Wednesday, January 25, 2012

Bikewifelife – the blog for bike wives (and husbands) around the globe.



Okay, so he must be around here somewhere!
It’s taken me a while to realize the unique challenges of being a bikewife. I didn’t even know I was one until a while ago. In fact, for a long time into my bike marriage (and let’s face it, if you marry a cyclist you marry bikes) I was a cyclist too, and I think that hid many of the symptoms of bikewifery. Now it is as clear as the difference between Shimano and Campy. I am a bikewife.

I first recognized the bikewife syndrome when I was still delusional, thinking that because I rode bikes too, there was nothing to worry about. I had just hired a very bright young woman as an assistant on a project I was working on. She was in her early twenties, and this was her first real job after college. She had recently married her boyfriend, and was telling me about the first time she met what was then her future mother in-law – I think we may have begun the conversation in a form of commiseration about in laws. The bike part came later.

She told me that they had gone to visit his mother and stay for the weekend. He was the only son, and he was still her precious little boy. The visit didn’t start out well for my poor assistant . It was pretty clear that she wasn’t what his Mom had in mind as a suitable girl for her darling little boy. And bikes were about to make the whole thing worse. At the end of the first day,he asked her if it would be okay if the next morning he went for a bike ride. She said she happily agreed, and then she said those fateful words…

That was before I understood that ‘going for a bike ride’ meant he’d be gone for hours!

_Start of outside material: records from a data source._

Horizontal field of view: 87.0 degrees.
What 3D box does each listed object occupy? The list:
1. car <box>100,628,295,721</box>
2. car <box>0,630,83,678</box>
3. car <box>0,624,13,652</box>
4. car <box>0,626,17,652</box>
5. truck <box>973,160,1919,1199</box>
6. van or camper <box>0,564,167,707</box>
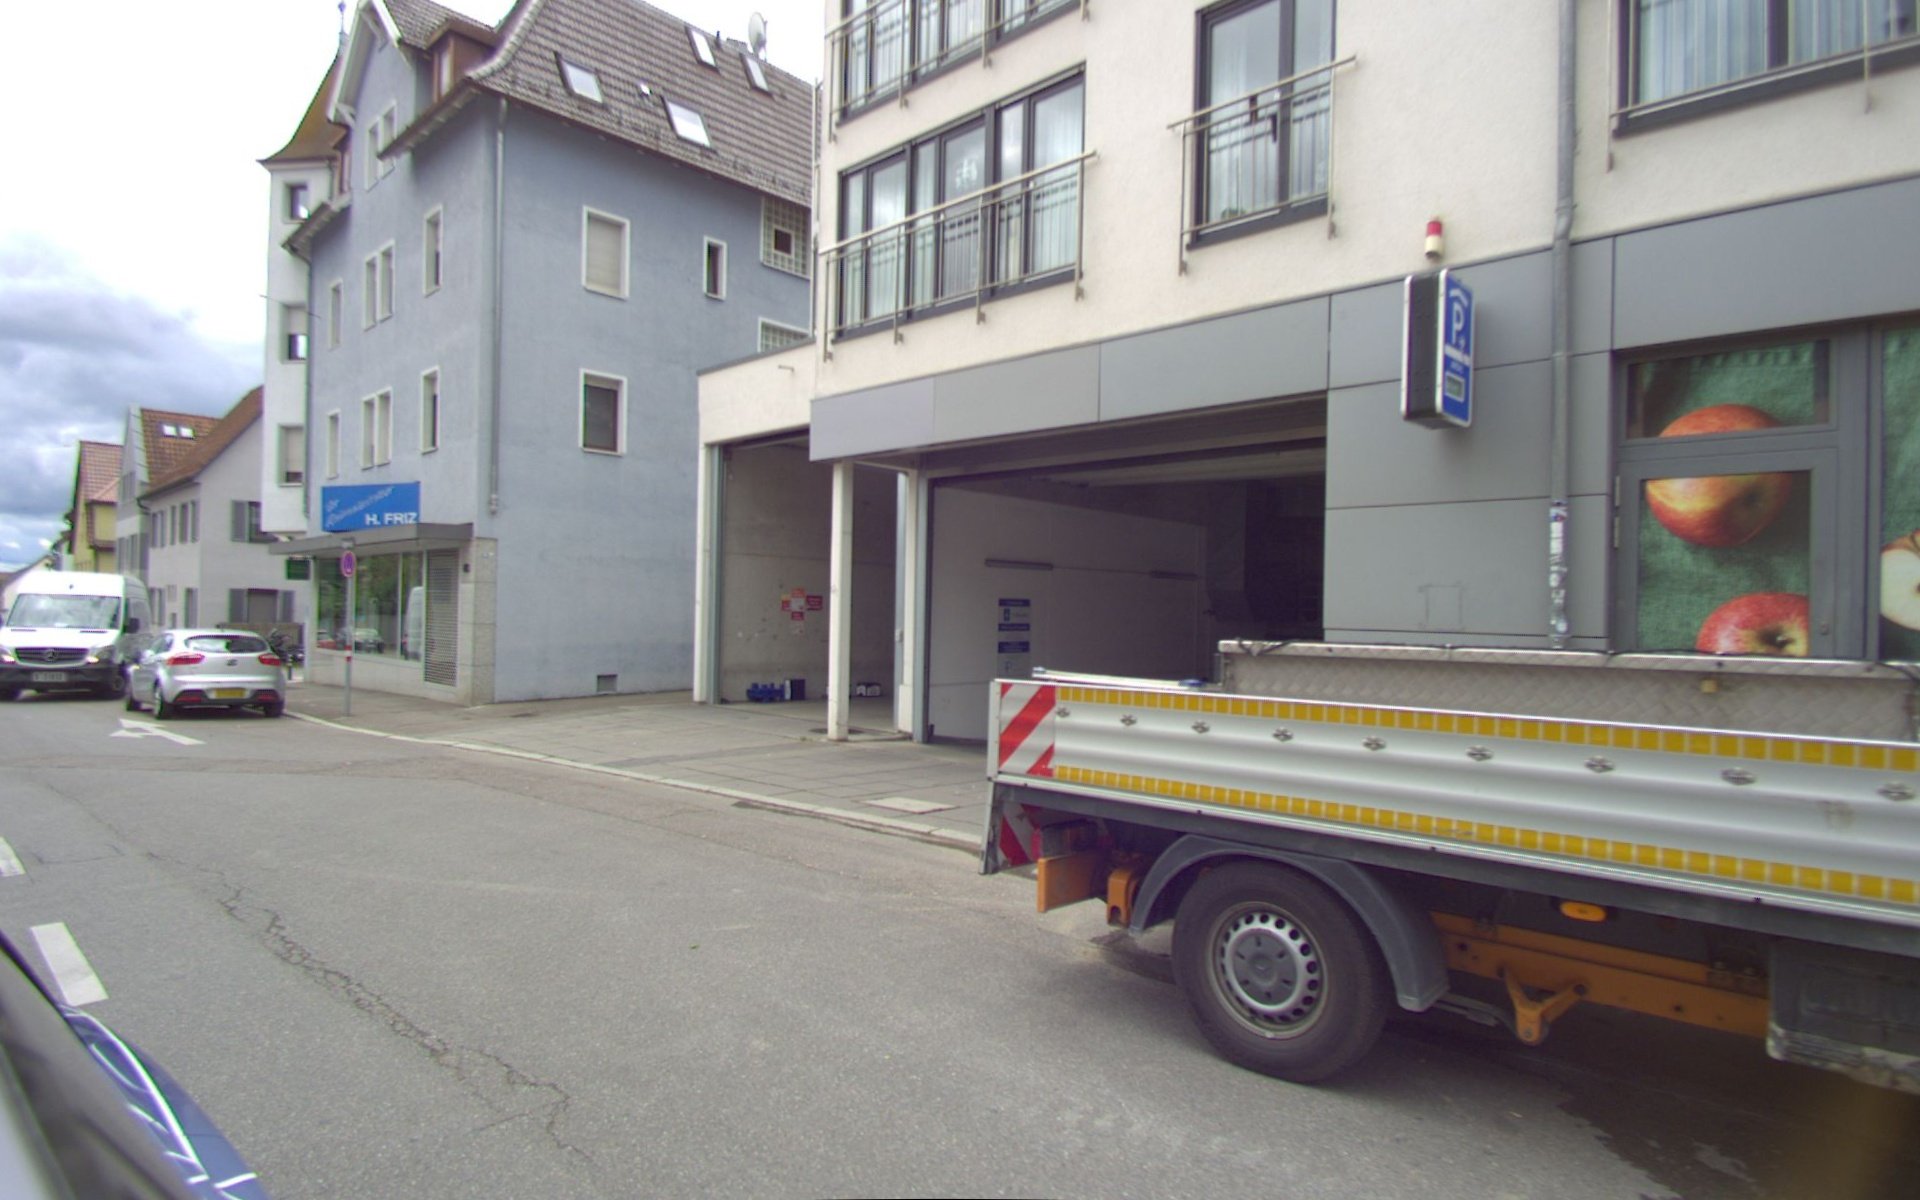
[{"bbox_3d":[-13.133,1.199,17.355,3.996,1.422,1.779,-1,-3,40],"label":"car"},{"bbox_3d":[-31.228,1.831,34.371,1.837,1.485,4.355,6,-5,-44],"label":"car"},{"bbox_3d":[-64.881,2.528,67.591,4.353,1.863,2.083,-2,-3,44],"label":"car"},{"bbox_3d":[-59.933,2.432,62.854,4.353,1.580,1.694,-2,-3,44],"label":"car"},{"bbox_3d":[3.174,0.291,2.884,6.307,2.485,2.387,-2,-3,43],"label":"truck"},{"bbox_3d":[-18.857,0.754,21.667,2.287,2.627,6.225,2,-2,-33],"label":"van or camper"}]

And so it was. Five hours to be exact. Five hours, 38 minutes, and 24 seconds. He returned to find her shut in the bedroom, snotty nosed and tear-streaked, and his mother feeling smug and singing happily to herself as she bustled about the kitchen. 

She went on to tell me how they bought a two bedroom apartment so there would be a ‘bike room’. How they lived on the outskirts of town – even though it meant she had a terrible commute each day – so they could be closer to ‘good riding’. How there was always a bike chain in the kitchen sink. As she went on, I could only give her a hug and say, ‘There, there. I know. You’re a bike wife.’  

Are you a bike wife? Do you know – and care – about the difference between titanium, carbon, and aluminum, because you understand that these simple words affect whether your family goes on vacation to Hawaii, to visit your parents, or camping in the backyard? Do you recognize your spouse’s friends when they are in lycra and helmets, but wonder who that oddly familiar weirdo is in the suit waving to you on the street? Are your Sunday mornings – and early afternoons – spent alone with your cornflakes and reading the paper in solitude? Do you have a seemingly endless list of household chores and repairs that you know you eventually will just do yourself? Does the toolbox have more allen keys than all the other tools combined? Can your husband ride his bike up Mount Everest, but you have to open the pickle jar for him? Yes?

Welcome to the world of bikewives. It’s not easy being a bikewife, but take heart. You are not alone. We bikewives are here for you.